[INPUT MATERIAL]
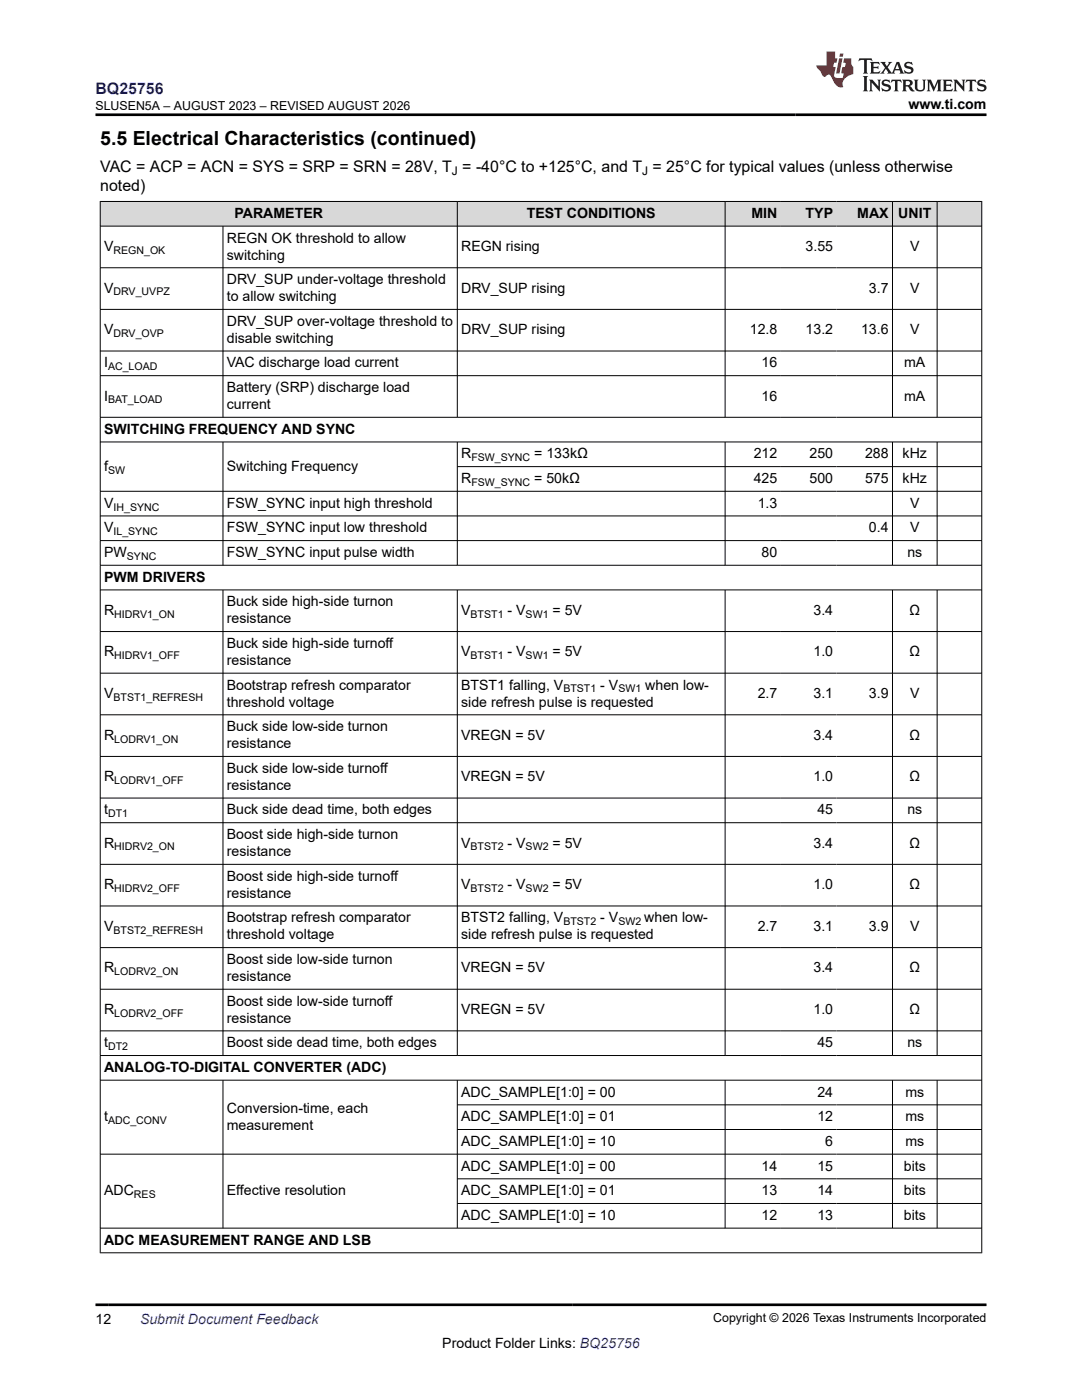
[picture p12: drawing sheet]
<svg xmlns="http://www.w3.org/2000/svg" width="216mm" height="279mm" viewBox="0 0 216 279" stroke-linecap="round" stroke-linejoin="round" font-family="sans-serif">
<defs><g id="words">
<text font-size="3.9" x="20" y="28.8">5.5 Electrical Characteristics (continued)</text>
<text font-size="3.2" fill="#00f" x="19" y="18.7">BQ25756</text>
<g font-size="3.2">
<text x="20" y="34.3">VAC = ACP = ACN = SYS = SRP = SRN = 28V, T = -40°C to +125°C, and T = 25°C for typical values (unless otherwise</text>
<text x="20" y="38.1">noted)</text>
</g>
<g font-size="2.8">
<text x="181.3" y="21.8">www.ti.com</text>
<text x="46.8" y="43.5">PARAMETER</text>
<text x="105.1" y="43.5">TEST CONDITIONS</text>
<text x="149.9" y="43.5">MIN</text>
<text x="160.8" y="43.5">TYP</text>
<text x="171" y="43.5">MAX</text>
<text x="179.2" y="43.5">UNIT</text>
<text x="20.8" y="50.1">V</text>
<text x="45.3" y="48.4">REGN OK threshold to allow</text>
<text x="45.3" y="51.8">switching</text>
<text x="92" y="50.1">REGN rising</text>
<text x="160.8" y="50.1">3.55</text>
<text x="181.6" y="50.1">V</text>
<text x="20.8" y="58.4">V</text>
<text x="45.3" y="56.7">DRV_SUP under-voltage threshold</text>
<text x="92" y="58.4">DRV_SUP rising</text>
<text x="173.4" y="58.4">3.7</text>
<text x="181.6" y="58.4">V</text>
<text x="45.3" y="60.1">to allow switching</text>
<text x="45.3" y="65">DRV_SUP over-voltage threshold to</text>
<text x="20.8" y="66.7">V</text>
<text x="45.3" y="68.4">disable switching</text>
<text x="92" y="66.7">DRV_SUP rising</text>
<text x="149.6" y="66.7">12.8</text>
<text x="160.8" y="66.7">13.2</text>
<text x="171.8" y="66.7">13.6</text>
<text x="181.6" y="66.7">V</text>
<text x="20.8" y="73.3">I</text>
<text x="45.3" y="73.3">VAC discharge load current</text>
<text x="152" y="73.3">16</text>
<text x="180.4" y="73.3">mA</text>
<text x="20.8" y="79.9">I</text>
<text x="45.3" y="78.2">Battery (SRP) discharge load</text>
<text x="45.3" y="81.6">current</text>
<text x="152" y="79.9">16</text>
<text x="180.4" y="79.9">mA</text>
<text x="20.8" y="86.6">SWITCHING FREQUENCY AND SYNC</text>
<text x="20.8" y="93.9">f</text>
<text x="45.3" y="93.9">Switching Frequency</text>
<text x="92" y="91.5">R</text>
<text x="106.6" y="91.5">= 133kΩ</text>
<text x="150.4" y="91.5">212</text>
<text x="161.5" y="91.5">250</text>
<text x="172.6" y="91.5">288</text>
<text x="180.1" y="91.5">kHz</text>
<text x="20.8" y="101.3">V</text>
<text x="45.3" y="101.3">FSW_SYNC input high threshold</text>
<text x="92" y="96.4">R</text>
<text x="106.6" y="96.4">= 50kΩ</text>
<text x="150.4" y="96.4">425</text>
<text x="151.2" y="101.3">1.3</text>
<text x="161.5" y="96.4">500</text>
<text x="172.6" y="96.4">575</text>
<text x="180.1" y="96.4">kHz</text>
<text x="181.6" y="101.3">V</text>
<text x="20.8" y="106.2">V</text>
<text x="45.3" y="106.2">FSW_SYNC input low threshold</text>
<text x="173.4" y="106.2">0.4</text>
<text x="181.6" y="106.2">V</text>
<text x="20.8" y="111.2">PW</text>
<text x="45.3" y="111.2">FSW_SYNC input pulse width</text>
<text x="152" y="111.2">80</text>
<text x="181.1" y="111.2">ns</text>
<text x="20.8" y="116.1">PWM DRIVERS</text>
<text x="20.8" y="122.7">R</text>
<text x="45.3" y="121">Buck side high-side turnon</text>
<text x="45.3" y="124.4">resistance</text>
<text x="92" y="122.7">V</text>
<text x="101.3" y="122.7">- V</text>
<text x="110.2" y="122.7">= 5V</text>
<text x="162.3" y="122.7">3.4</text>
<text x="181.5" y="122.7">Ω</text>
<text x="20.8" y="131">R</text>
<text x="45.3" y="129.3">Buck side high-side turnoff</text>
<text x="92" y="131">V</text>
<text x="101.3" y="131">- V</text>
<text x="110.2" y="131">= 5V</text>
<text x="162.3" y="131">1.0</text>
<text x="181.5" y="131">Ω</text>
<text x="45.3" y="132.7">resistance</text>
<text x="45.3" y="137.6">Bootstrap refresh comparator</text>
<text x="92" y="137.6">BTST1 falling, V</text>
<text x="119.8" y="137.6">- V</text>
<text x="128.8" y="137.6">when low-</text>
<text x="20.8" y="139.3">V</text>
<text x="45.3" y="141">threshold voltage</text>
<text x="92" y="141">side refresh pulse is requested</text>
<text x="151.2" y="139.3">2.7</text>
<text x="162.3" y="139.3">3.1</text>
<text x="173.4" y="139.3">3.9</text>
<text x="181.6" y="139.3">V</text>
<text x="20.8" y="147.6">R</text>
<text x="45.3" y="145.9">Buck side low-side turnon</text>
<text x="45.3" y="149.3">resistance</text>
<text x="92" y="147.6">VREGN = 5V</text>
<text x="162.3" y="147.6">3.4</text>
<text x="181.5" y="147.6">Ω</text>
<text x="20.8" y="155.9">R</text>
<text x="45.3" y="154.2">Buck side low-side turnoff</text>
<text x="92" y="155.9">VREGN = 5V</text>
<text x="162.3" y="155.9">1.0</text>
<text x="181.5" y="155.9">Ω</text>
<text x="45.3" y="157.6">resistance</text>
<text x="20.8" y="162.5">t</text>
<text x="45.3" y="162.5">Buck side dead time, both edges</text>
<text x="45.3" y="167.5">Boost side high-side turnon</text>
<text x="163.1" y="162.5">45</text>
<text x="181.1" y="162.5">ns</text>
<text x="20.8" y="169.2">R</text>
<text x="45.3" y="170.9">resistance</text>
<text x="92" y="169.2">V</text>
<text x="101.3" y="169.2">- V</text>
<text x="110.2" y="169.2">= 5V</text>
<text x="162.3" y="169.2">3.4</text>
<text x="181.5" y="169.2">Ω</text>
<text x="20.8" y="177.5">R</text>
<text x="45.3" y="175.8">Boost side high-side turnoff</text>
<text x="45.3" y="179.2">resistance</text>
<text x="92" y="177.5">V</text>
<text x="101.3" y="177.5">- V</text>
<text x="110.2" y="177.5">= 5V</text>
<text x="162.3" y="177.5">1.0</text>
<text x="181.5" y="177.5">Ω</text>
<text x="20.8" y="185.8">V</text>
<text x="45.3" y="184.1">Bootstrap refresh comparator</text>
<text x="92" y="184.1">BTST2 falling, V</text>
<text x="119.8" y="184.1">- V</text>
<text x="128.6" y="184.1">when low-</text>
<text x="151.2" y="185.8">2.7</text>
<text x="162.3" y="185.8">3.1</text>
<text x="173.4" y="185.8">3.9</text>
<text x="181.6" y="185.8">V</text>
<text x="45.3" y="187.5">threshold voltage</text>
<text x="92" y="187.5">side refresh pulse is requested</text>
<text x="20.8" y="194.1">R</text>
<text x="45.3" y="192.4">Boost side low-side turnon</text>
<text x="45.3" y="195.8">resistance</text>
<text x="92" y="194.1">VREGN = 5V</text>
<text x="162.3" y="194.1">3.4</text>
<text x="181.5" y="194.1">Ω</text>
<text x="20.8" y="202.4">R</text>
<text x="45.3" y="200.7">Boost side low-side turnoff</text>
<text x="92" y="202.4">VREGN = 5V</text>
<text x="162.3" y="202.4">1.0</text>
<text x="181.5" y="202.4">Ω</text>
<text x="20.8" y="209">t</text>
<text x="45.3" y="204.1">resistance</text>
<text x="45.3" y="209">Boost side dead time, both edges</text>
<text x="163.1" y="209">45</text>
<text x="181.1" y="209">ns</text>
<text x="20.8" y="213.9">ANALOG-TO-DIGITAL CONVERTER (ADC)</text>
<text x="92" y="218.8">ADC_SAMPLE[1:0] = 00</text>
<text x="163.1" y="218.8">24</text>
<text x="180.7" y="218.8">ms</text>
<text x="20.8" y="223.8">t</text>
<text x="45.3" y="222.1">Conversion-time, each</text>
<text x="45.3" y="225.5">measurement</text>
<text x="92" y="223.8">ADC_SAMPLE[1:0] = 01</text>
<text x="163.1" y="223.8">12</text>
<text x="180.7" y="223.8">ms</text>
<text x="92" y="228.7">ADC_SAMPLE[1:0] = 10</text>
<text x="92" y="233.6">ADC_SAMPLE[1:0] = 00</text>
<text x="152" y="233.6">14</text>
<text x="163.1" y="233.6">15</text>
<text x="164.7" y="228.7">6</text>
<text x="180.3" y="233.6">bits</text>
<text x="180.7" y="228.7">ms</text>
<text x="20.8" y="238.5">ADC</text>
<text x="45.3" y="238.5">Effective resolution</text>
<text x="92" y="238.5">ADC_SAMPLE[1:0] = 01</text>
<text x="152" y="238.5">13</text>
<text x="163.1" y="238.5">14</text>
<text x="180.3" y="238.5">bits</text>
<text x="92" y="243.5">ADC_SAMPLE[1:0] = 10</text>
<text x="152" y="243.5">12</text>
<text x="163.1" y="243.5">13</text>
<text x="180.3" y="243.5">bits</text>
<text x="20.8" y="248.4">ADC MEASUREMENT RANGE AND LSB</text>
<text x="19" y="264.2">12</text>
<text x="88.3" y="269">Product Folder Links: BQ25756</text>
</g>
<text font-size="2.8" fill="#00f" x="27.9" y="264.2">Submit Document Feedback</text>
<g font-size="2.5">
<text x="19" y="21.9">SLUSEN5A – AUGUST 2023 – REVISED AUGUST 2026</text>
<text x="142.3" y="263.9">Copyright © 2026 Texas Instruments Incorporated</text>
</g>
<g font-size="2.4">
<text x="90.2" y="34.9">J</text>
<text x="128.1" y="34.9">J</text>
</g>
<g font-size="2.1">
<text x="22.6" y="50.7">REGN_OK</text>
<text x="22.6" y="59">DRV_UVPZ</text>
<text x="22.6" y="67.3">DRV_OVP</text>
<text x="21.6" y="73.9">AC_LOAD</text>
<text x="21.6" y="80.5">BAT_LOAD</text>
<text x="21.6" y="94.5">SW</text>
<text x="94.1" y="92">FSW_SYNC</text>
<text x="22.6" y="101.9">IH_SYNC</text>
<text x="94.1" y="97">FSW_SYNC</text>
<text x="22.6" y="106.8">IL_SYNC</text>
<text x="25.3" y="111.7">SYNC</text>
<text x="22.8" y="123.3">HIDRV1_ON</text>
<text x="93.9" y="123.3">BTST1</text>
<text x="104.9" y="123.3">SW1</text>
<text x="22.8" y="131.6">HIDRV1_OFF</text>
<text x="93.9" y="131.6">BTST1</text>
<text x="104.9" y="131.6">SW1</text>
<text x="22.6" y="139.9">BTST1_REFRESH</text>
<text x="112.4" y="138.2">BTST1</text>
<text x="123.4" y="138.2">SW1</text>
<text x="22.8" y="148.2">LODRV1_ON</text>
<text x="22.8" y="156.5">LODRV1_OFF</text>
<text x="21.6" y="163.1">DT1</text>
<text x="22.8" y="169.7">HIDRV2_ON</text>
<text x="93.9" y="169.7">BTST2</text>
<text x="104.9" y="169.7">SW2</text>
<text x="22.8" y="178">HIDRV2_OFF</text>
<text x="93.9" y="178">BTST2</text>
<text x="104.9" y="178">SW2</text>
<text x="112.4" y="184.6">BTST2</text>
<text x="123.4" y="184.6">SW2</text>
<text x="22.6" y="186.3">BTST2_REFRESH</text>
<text x="22.8" y="194.6">LODRV2_ON</text>
<text x="22.8" y="203">LODRV2_OFF</text>
<text x="21.6" y="209.6">DT2</text>
<text x="21.6" y="224.3">ADC_CONV</text>
<text x="26.7" y="239.1">RES</text>
</g>
</g></defs>
<g fill="#d8d8d8">
<path d="M20 40.2h175.9v4.9h-175.9z" fill-rule="evenodd"/>
<path d="M20.1 40.3h71.1v4.8h-71.1z" fill-rule="evenodd"/>
<path d="M91.3 40.3h53.3v4.8h-53.3z" fill-rule="evenodd"/>
<path d="M144.8 40.3h11v4.8h-11z" fill-rule="evenodd"/>
<path d="M155.8 40.3h11.2v4.8h-11.2z" fill-rule="evenodd"/>
<path d="M167 40.3h11v4.8h-11z" fill-rule="evenodd"/>
<path d="M178.1 40.3h8.8v4.8h-8.8z" fill-rule="evenodd"/>
<path d="M187.1 40.3h8.7v4.8h-8.7z" fill-rule="evenodd"/>
</g>
<g fill="none" stroke="#000" stroke-width=".2">
<path d="M19.9 40.2h176.1M19.9 45.1h176.1M19.9 53.4h176.1M20 40.1v210M44.5 45.1v38.2M91.3 40.1v43.2M144.7 40.1v43.2M178.1 40.1v43.2M187 40.1v43.2M195.9 40.1v210M19.9 61.7h176.1M19.9 70.1h176.1"/>
<path d="M19.9 75h176.1M19.9 83.3h176.1M19.9 88.2h176.1M44.5 88.2v24.7M91.3 88.2v24.7M91.3 93.1h104.7M144.7 88.2v24.7M178.1 88.2v24.7M187 88.2v24.7M196 98h-176.1M19.9 103h176.1M19.9 107.9h176.1"/>
<path d="M19.9 112.8h176.1M19.9 117.7h176.1M44.5 117.7v93M91.3 117.7v93M144.7 117.7v93M178.1 117.7v93M187 117.7v93M19.9 126h176.1M19.9 134.3h176.1M19.9 142.7h176.1M19.9 151h176.1M19.9 159.3h176.1"/>
<path d="M19.9 164.2h176.1M19.9 172.5h176.1M19.9 180.8h176.1M19.9 189.1h176.1M19.9 197.4h176.1M19.9 205.7h176.1M19.9 210.7h176.1M19.9 215.6h176.1M44.5 215.6v29.6M91.3 215.6v29.6M144.7 215.6v29.6M178.1 215.6v29.6"/>
<path d="M187 215.6v29.6M91.3 220.5h104.7M91.3 225.4h104.7M91.3 235.3h104.7M196 230.3h-176.1M19.9 245.1h176.1M19.9 250h176.1M91.3 240.2h104.7"/>
</g>
<path d="M171.5 11.6l-.2 .6 .5-.2h.6v.1v2.2l-.2 .4h1l-.2-.4v-2.2v-.1h.5l.6 .2-.2-.6zM173.6 12.4l.2 .3v1.6l-.2 .4h1.9l.1-.6a1.08 1.08 0 0 1-1.3 .2v-.7h.6l.4 .2v-.7l-.4 .2h-.6v-.5l.2-.2a1 1 0 0 1 1 .3l-.1-.5zM175.7 12.4l.9 1.1-1 1.2h.9l-.2-.2 .5-.8 .4 .8-.2 .2h1.6l-.2-.2 .2-.5h.9l.1 .5-.1 .2h.9l-.2-.4-.8-1.9h-.5l-.9 2.1-.9-1.1 .9-1h-.8l.2 .2-.4 .6-.4-.6 .2-.2zM179 12.8l.4 1h-.7zM180.7 12.5a.65 .65 0 0 0-.2 .7 .65 .65 0 0 0 .6 .5l.6 .1 .1 .3a.79 .79 0 0 1-.7 .4 .79 .79 0 0 1-.7-.5l.1 .7 .2-.1a.93 .93 0 0 0 1.1 0 .93 .93 0 0 0 .4-.9 1.46 1.46 0 0 0-1.2-.6l-.1-.3a1.09 1.09 0 0 1 1.2 .2l-.2-.6-.1 .1-.5-.2zM172.2 15.2l.2 .4v2.2l-.2 .4h1l-.2-.4v-2.2l.2-.4zM173.4 15.9l.2 .4v1.5l-.2 .4h.8l-.3-.4 .1-1.3 1.6 1.8v-2l.2-.4h-.7l.1 .2 .1 1.1-1.2-1.3zM176.2 16a.65 .65 0 0 0-.2 .8 .65 .65 0 0 0 .6 .4l.6 .2 .1 .2a.79 .79 0 0 1-.7 .4 .79 .79 0 0 1-.7-.5l.1 .7 .2-.1a.93 .93 0 0 0 1.1 .1 .93 .93 0 0 0 .4-1 1.46 1.46 0 0 0-1.2-.5l-.1-.4a1.09 1.09 0 0 1 1.2 .2l-.1-.6-.2 .1-.5-.1zM177.9 15.9l-.1 .6a.63 .63 0 0 1 .8-.3v1.6l-.3 .4h1l-.2-.4v-1.6a.66 .66 0 0 1 .8 .3l-.1-.6zM180 15.9l.2 .4v1.5l-.2 .4h1l-.2-.2-.1-.7h.5l.1 .2a.79 .79 0 0 0 1.2 .6l-1-.9a.61 .61 0 0 0 .6-.6 .61 .61 0 0 0-.5-.7zM180.8 16.2h.1a.47 .47 0 0 1 .5 .1 .47 .47 0 0 1 .1 .5l-.1 .1-.7 .1zM182.3 15.9l.2 .2a2.27 2.27 0 0 0 .4 2 1.04 1.04 0 0 0 1.7-.7v-1.3l.2-.2h-.8l.2 .4v1.1a.6 .6 0 0 1-.6 .6 .6 .6 0 0 1-.6-.6v-1.1l.3-.4zM184.9 15.9l.2 .4v1.5l-.2 .4h.8l-.3-.4v-1.4l.9 1.9 .9-1.9v1.4l-.3 .4h1l-.2-.4v-1.5l.2-.4h-.8l-.7 1.5-.6-1.5zM188.1 15.9l.2 .4v1.5l-.2 .4h1.9l.1-.6a1.09 1.09 0 0 1-1.3 .2v-.7h.6l.4 .2v-.6l-.4 .2h-.6v-.6l.2-.1a1.01 1.01 0 0 1 1 .3l-.1-.6zM190.2 15.9l.3 .4v1.5l-.3 .4h.8l-.2-.4v-1.3l1.6 1.8v-2l.2-.4h-.7l.2 .2v1.1l-1.2-1.3zM192.8 15.9l-.1 .6a.63 .63 0 0 1 .8-.3v1.6l-.3 .4h1l-.2-.4v-1.6a.66 .66 0 0 1 .8 .3l-.1-.6zM195.2 16a.65 .65 0 0 0-.2 .8 .65 .65 0 0 0 .6 .4l.6 .2 .2 .2a.79 .79 0 0 1-.7 .4 .79 .79 0 0 1-.7-.5l.1 .7 .2-.1a.93 .93 0 0 0 1 .1 .93 .93 0 0 0 .5-1 1.46 1.46 0 0 0-1.3-.5v-.4a1.09 1.09 0 0 1 1.2 .2l-.2-.6-.2 .1-.5-.1z" fill="#231f20"/>
<path d="M164.9 10.3v2.7h-2l.1 .4 .8 1a.95 .95 0 0 0 1 .9 .59 .59 0 0 1 .5-.4 .59 .59 0 0 1 .5 .3l.4 .8a1.59 1.59 0 0 0 2.1 1.4 1.61 1.61 0 0 1 1-2.3l1-.3-.1-1.5a1.59 1.59 0 0 1-.3-1.7h-1.5l-.2 .9h.6l-.2 .9h-.5l-.2 .9v.3l.4 .1-.1 .9h-.7a.73 .73 0 0 1-1-.7l.3-1.5h-.5l.1-.9h.5l.2-.9h-.5v-1.3zM167.4 11.6l-.6 3.1h.7l.6-3.1zM167.6 10.7l-.1 .6h.7l.1-.6z" fill="#ed1c24"/>
<path d="M19 22.9h177.8M19 260.4h177.8" fill="none" stroke="#000" stroke-width=".53"/>
<use href="#words"/>
</svg>
[/INPUT MATERIAL]
* [WHAT TO DO]: Pictures excluded, repeat the records exactly from their opening line through the line containing "values (unless otherwise</text>".

* [RESPONSE AREA]:
[picture p12: drawing sheet]
<svg xmlns="http://www.w3.org/2000/svg" width="216mm" height="279mm" viewBox="0 0 216 279" stroke-linecap="round" stroke-linejoin="round" font-family="sans-serif">
<defs><g id="words">
<text font-size="3.9" x="20" y="28.8">5.5 Electrical Characteristics (continued)</text>
<text font-size="3.2" fill="#00f" x="19" y="18.7">BQ25756</text>
<g font-size="3.2">
<text x="20" y="34.3">VAC = ACP = ACN = SYS = SRP = SRN = 28V, T = -40°C to +125°C, and T = 25°C for typical values (unless otherwise</text>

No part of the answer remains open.